Running DSS v7 in HA cluster mode on 2 nodes for years now. Some time ago one of the server nodes experience some hardware crash.
After restarting the failed, the cluster status now displays:
* node A: cluster running - degraded
* node B: cluster status - stopped
my 2 iscsi volumes are running as active on node A.
How can I safely fix my cluster?
Node B is outdated for several weeks now and I feel uncertain to fix the cluster.
It displayed the following prompt:
After starting it I got the node running in degraded mode and on the other node it's stopped.
Goal is to get my cluster back and keeping all data on node A (the degraded one). So that one should replicate its data back to node B.
Is following assumption correct?
- I need to cause some downtime by stopping the cluster completely
- trigger manual replication of the data volumes from node A (both volumes as source) to node B (both volumes as destination)

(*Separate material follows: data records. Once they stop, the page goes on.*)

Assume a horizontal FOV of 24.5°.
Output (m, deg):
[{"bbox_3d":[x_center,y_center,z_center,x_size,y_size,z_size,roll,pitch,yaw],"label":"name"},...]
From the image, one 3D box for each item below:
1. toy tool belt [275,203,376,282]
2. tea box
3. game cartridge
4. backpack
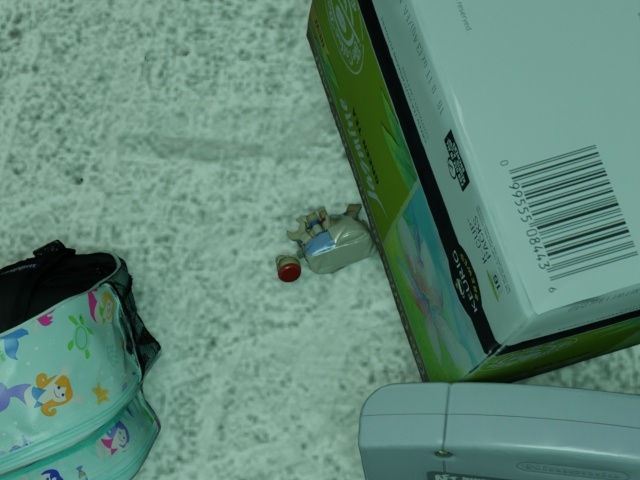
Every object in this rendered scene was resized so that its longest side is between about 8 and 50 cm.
[{"bbox_3d":[0.000,0.000,1.191,0.083,0.052,0.051,-21,45,0],"label":"toy tool belt"},{"bbox_3d":[0.151,-0.089,1.026,0.220,0.323,0.329,-16,76,-9],"label":"tea box"},{"bbox_3d":[0.179,0.165,1.050,0.297,0.198,0.062,5,57,9],"label":"game cartridge"},{"bbox_3d":[-0.236,0.115,1.093,0.225,0.253,0.191,-20,93,3],"label":"backpack"}]
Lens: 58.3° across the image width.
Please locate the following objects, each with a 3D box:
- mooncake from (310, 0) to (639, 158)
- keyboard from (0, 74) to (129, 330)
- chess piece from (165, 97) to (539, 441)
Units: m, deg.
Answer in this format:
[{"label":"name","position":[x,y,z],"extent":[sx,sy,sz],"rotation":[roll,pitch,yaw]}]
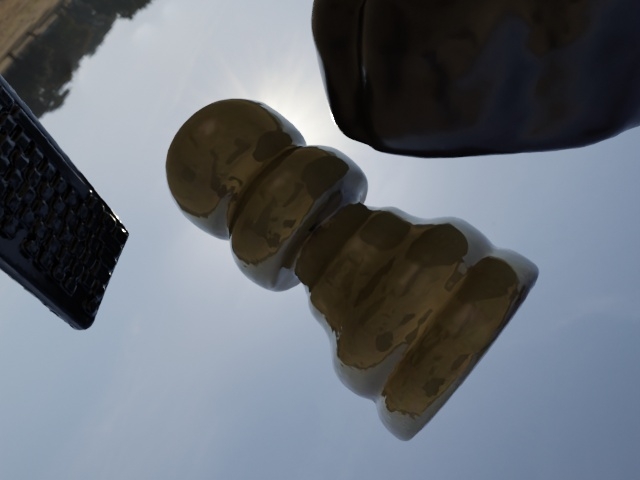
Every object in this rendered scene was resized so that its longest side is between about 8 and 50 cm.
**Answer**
[{"label":"mooncake","position":[0.118,-0.142,0.392],"extent":[0.244,0.133,0.245],"rotation":[-11,-150,7]},{"label":"keyboard","position":[-0.170,-0.054,0.266],"extent":[0.017,0.251,0.087],"rotation":[-8,-134,16]},{"label":"chess piece","position":[0.000,0.000,0.461],"extent":[0.299,0.167,0.167],"rotation":[37,-97,16]}]
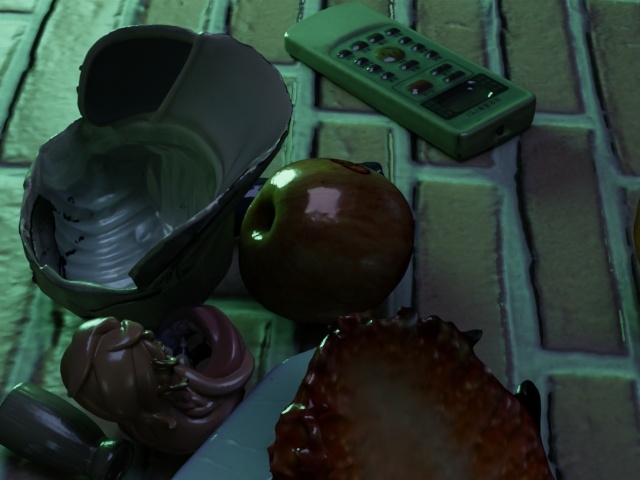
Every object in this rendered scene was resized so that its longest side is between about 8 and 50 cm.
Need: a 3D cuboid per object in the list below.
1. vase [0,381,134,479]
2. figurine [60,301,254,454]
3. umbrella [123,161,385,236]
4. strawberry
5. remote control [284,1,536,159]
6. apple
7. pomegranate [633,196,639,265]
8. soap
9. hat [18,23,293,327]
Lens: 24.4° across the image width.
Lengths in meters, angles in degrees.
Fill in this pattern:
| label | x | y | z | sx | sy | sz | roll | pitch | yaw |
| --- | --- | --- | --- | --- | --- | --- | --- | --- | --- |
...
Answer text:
| label | x | y | z | sx | sy | sz | roll | pitch | yaw |
| --- | --- | --- | --- | --- | --- | --- | --- | --- | --- |
| vase | -0.194 | 0.151 | 1.118 | 0.100 | 0.053 | 0.053 | 25 | 42 | 17 |
| figurine | -0.121 | 0.106 | 1.104 | 0.157 | 0.126 | 0.114 | 1 | 60 | -64 |
| umbrella | -0.060 | -0.028 | 1.357 | 0.248 | 0.071 | 0.071 | -10 | 40 | -12 |
| strawberry | 0.050 | 0.173 | 0.945 | 0.233 | 0.306 | 0.137 | -22 | 15 | -35 |
| remote control | 0.090 | -0.181 | 1.580 | 0.123 | 0.038 | 0.285 | -26 | 47 | -32 |
| apple | 0.000 | 0.000 | 1.253 | 0.131 | 0.146 | 0.146 | 17 | 28 | -34 |
| pomegranate | 0.366 | -0.007 | 1.251 | 0.209 | 0.209 | 0.209 | 3 | 38 | -2 |
| soap | 0.008 | 0.160 | 1.095 | 0.145 | 0.091 | 0.230 | 22 | 42 | 21 |
| hat | -0.126 | -0.046 | 1.222 | 0.161 | 0.275 | 0.232 | 15 | 41 | -47 |

- then change the replication direction again so that my second volume has node B as source and node A as destination
- restart the cluster
It looks to me that when node B suddenly crashed, DSS lost its state of being source or destination upon the reboot.
- Not necessarily, you can enter your cluster into "Maintenance Mode", this will keep your VIP live and access available (CTRL ALT X from console, arrow down to "Cluster Maintenance Mode"
- Yes, you will want to make sure that your "good" data is not overwritten and confirm that it is set as the source.
- If you are operating in an Active/Active load balancing configuration, yes, you will want to swap source and destination for one resource so that it is primarily on node B. You may need to re-create your replication task here so that it reflects the change.
- You can restart one node at a time once your resources are replicating properly to avoid downtime.
Where possible, I always schedule a maintenance window in the event something goes awry. Also, it would be a good idea to confirm good clean backups before performing any of the above steps.